## Task details
Look through the records and copy each line that has "standpunt" in it.

+ + +

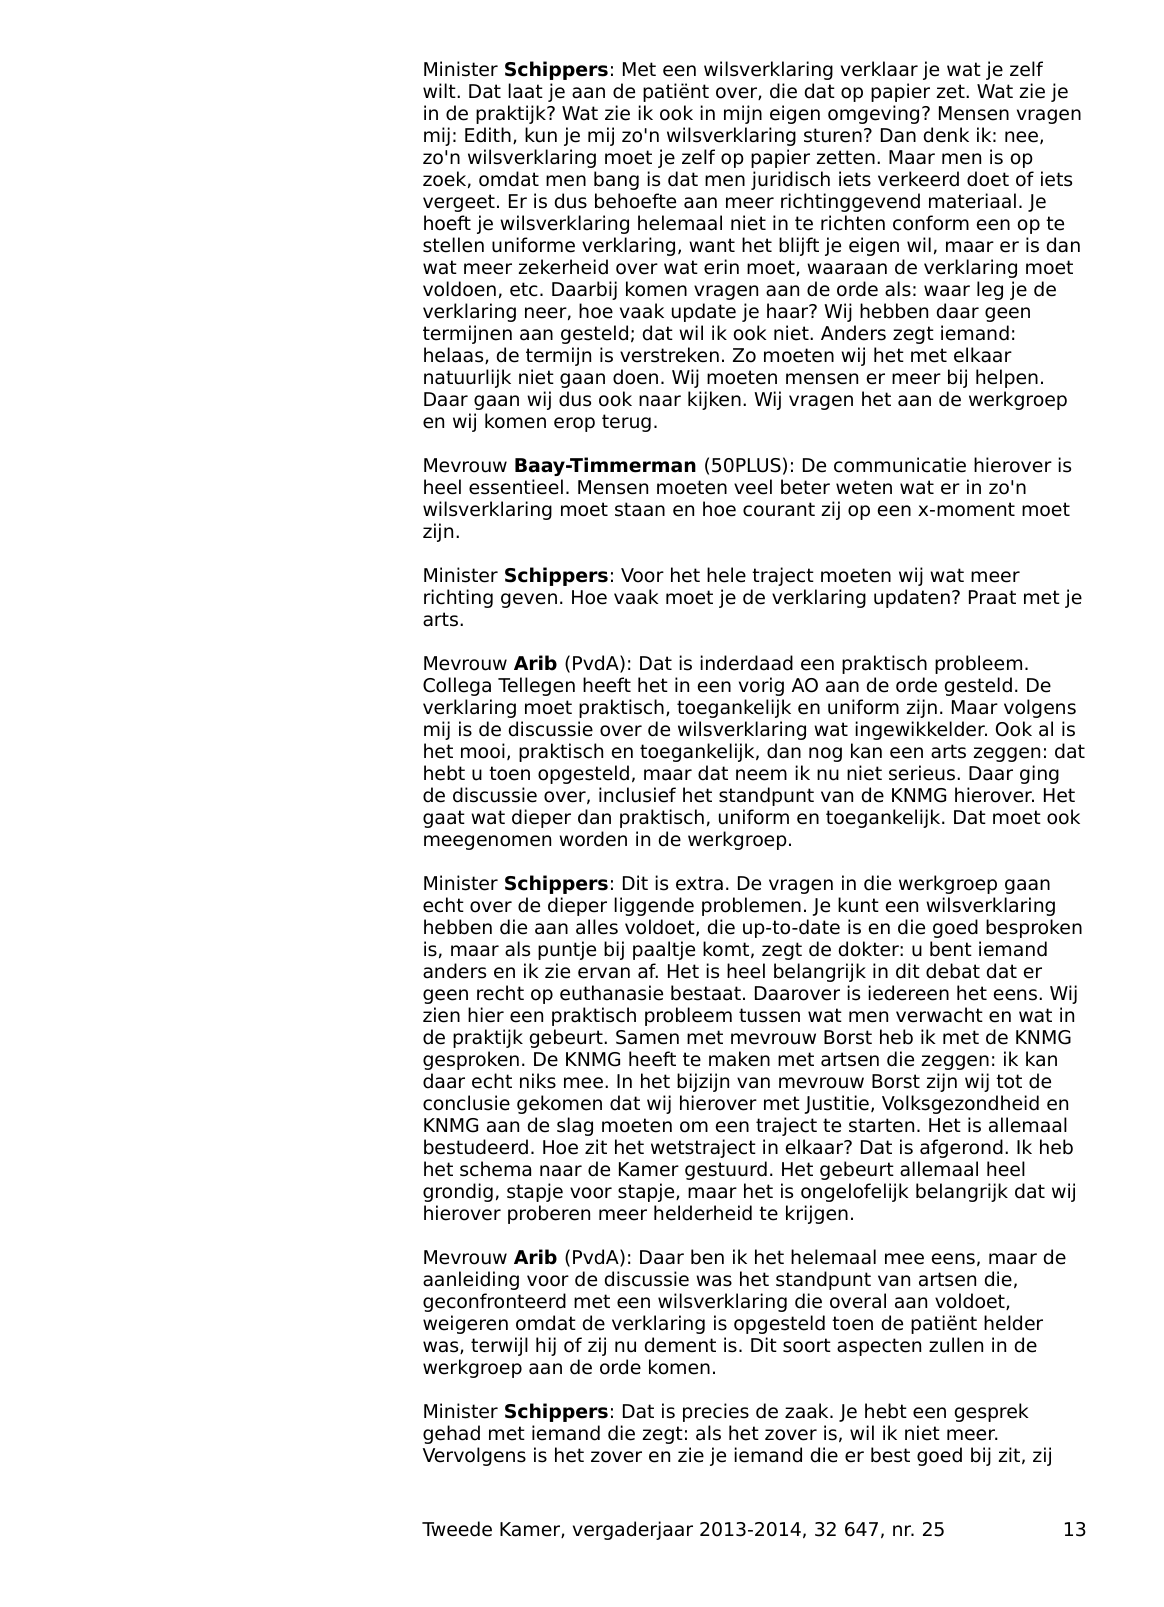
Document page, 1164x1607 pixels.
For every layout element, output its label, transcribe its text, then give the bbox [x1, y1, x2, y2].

text Minister Schippers: Dit is extra. De vragen in die werkgroep gaan echt over de dieper liggende problemen. Je kunt een wilsverklaring hebben die aan alles voldoet, die up-to-date is en die goed besproken is, maar als puntje bij paaltje komt, zegt de dokter: u bent iemand anders en ik zie ervan af. Het is heel belangrijk in dit debat dat er geen recht op euthanasie bestaat. Daarover is iedereen het eens. Wij zien hier een praktisch probleem tussen wat men verwacht en wat in de praktijk gebeurt. Samen met mevrouw Borst heb ik met de KNMG gesproken. De KNMG heeft te maken met artsen die zeggen: ik kan daar echt niks mee. In het bijzijn van mevrouw Borst zijn wij tot de conclusie gekomen dat wij hierover met Justitie, Volksgezondheid en KNMG aan de slag moeten om een traject te starten. Het is allemaal bestudeerd. Hoe zit het wetstraject in elkaar? Dat is afgerond. Ik heb het schema naar de Kamer gestuurd. Het gebeurt allemaal heel grondig, stapje voor stapje, maar het is ongelofelijk belangrijk dat wij hierover proberen meer helderheid te krijgen. [422, 873, 1087, 1225]
text Mevrouw Arib (PvdA): Dat is inderdaad een praktisch probleem. Collega Tellegen heeft het in een vorig AO aan de orde gesteld. De verklaring moet praktisch, toegankelijk en uniform zijn. Maar volgens mij is de discussie over de wilsverklaring wat ingewikkelder. Ook al is het mooi, praktisch en toegankelijk, dan nog kan een arts zeggen: dat hebt u toen opgesteld, maar dat neem ik nu niet serieus. Daar ging de discussie over, inclusief het standpunt van de KNMG hierover. Het gaat wat dieper dan praktisch, uniform en toegankelijk. Dat moet ook meegenomen worden in de werkgroep. [422, 653, 1087, 851]
text Mevrouw Arib (PvdA): Daar ben ik het helemaal mee eens, maar de aanleiding voor de discussie was het standpunt van artsen die, geconfronteerd met een wilsverklaring die overal aan voldoet, weigeren omdat de verklaring is opgesteld toen de patiënt helder was, terwijl hij of zij nu dement is. Dit soort aspecten zullen in de werkgroep aan de orde komen. [422, 1247, 1087, 1379]
text Minister Schippers: Dat is precies de zaak. Je hebt een gesprek gehad met iemand die zegt: als het zover is, wil ik niet meer. Vervolgens is het zover en zie je iemand die er best goed bij zit, zij [422, 1401, 1087, 1467]
text Minister Schippers: Voor het hele traject moeten wij wat meer richting geven. Hoe vaak moet je de verklaring updaten? Praat met je arts. [422, 565, 1087, 631]
text Minister Schippers: Met een wilsverklaring verklaar je wat je zelf wilt. Dat laat je aan de patiënt over, die dat op papier zet. Wat zie je in de praktijk? Wat zie ik ook in mijn eigen omgeving? Mensen vragen mij: Edith, kun je mij zo'n wilsverklaring sturen? Dan denk ik: nee, zo'n wilsverklaring moet je zelf op papier zetten. Maar men is op zoek, omdat men bang is dat men juridisch iets verkeerd doet of iets vergeet. Er is dus behoefte aan meer richtinggevend materiaal. Je hoeft je wilsverklaring helemaal niet in te richten conform een op te stellen uniforme verklaring, want het blijft je eigen wil, maar er is dan wat meer zekerheid over wat erin moet, waaraan de verklaring moet voldoen, etc. Daarbij komen vragen aan de orde als: waar leg je de verklaring neer, hoe vaak update je haar? Wij hebben daar geen termijnen aan gesteld; dat wil ik ook niet. Anders zegt iemand: helaas, de termijn is verstreken. Zo moeten wij het met elkaar natuurlijk niet gaan doen. Wij moeten mensen er meer bij helpen. Daar gaan wij dus ook naar kijken. Wij vragen het aan de werkgroep en wij komen erop terug. [422, 59, 1087, 433]
text Mevrouw Baay-Timmerman (50PLUS): De communicatie hierover is heel essentieel. Mensen moeten veel beter weten wat er in zo'n wilsverklaring moet staan en hoe courant zij op een x-moment moet zijn. [422, 455, 1087, 543]

+ + +

## Answer section
text Mevrouw Arib (PvdA): Dat is inderdaad een praktisch probleem. Collega Tellegen heeft het in een vorig AO aan de orde gesteld. De verklaring moet praktisch, toegankelijk en uniform zijn. Maar volgens mij is de discussie over de wilsverklaring wat ingewikkelder. Ook al is het mooi, praktisch en toegankelijk, dan nog kan een arts zeggen: dat hebt u toen opgesteld, maar dat neem ik nu niet serieus. Daar ging de discussie over, inclusief het standpunt van de KNMG hierover. Het gaat wat dieper dan praktisch, uniform en toegankelijk. Dat moet ook meegenomen worden in de werkgroep. [422, 653, 1087, 851]
text Mevrouw Arib (PvdA): Daar ben ik het helemaal mee eens, maar de aanleiding voor de discussie was het standpunt van artsen die, geconfronteerd met een wilsverklaring die overal aan voldoet, weigeren omdat de verklaring is opgesteld toen de patiënt helder was, terwijl hij of zij nu dement is. Dit soort aspecten zullen in de werkgroep aan de orde komen. [422, 1247, 1087, 1379]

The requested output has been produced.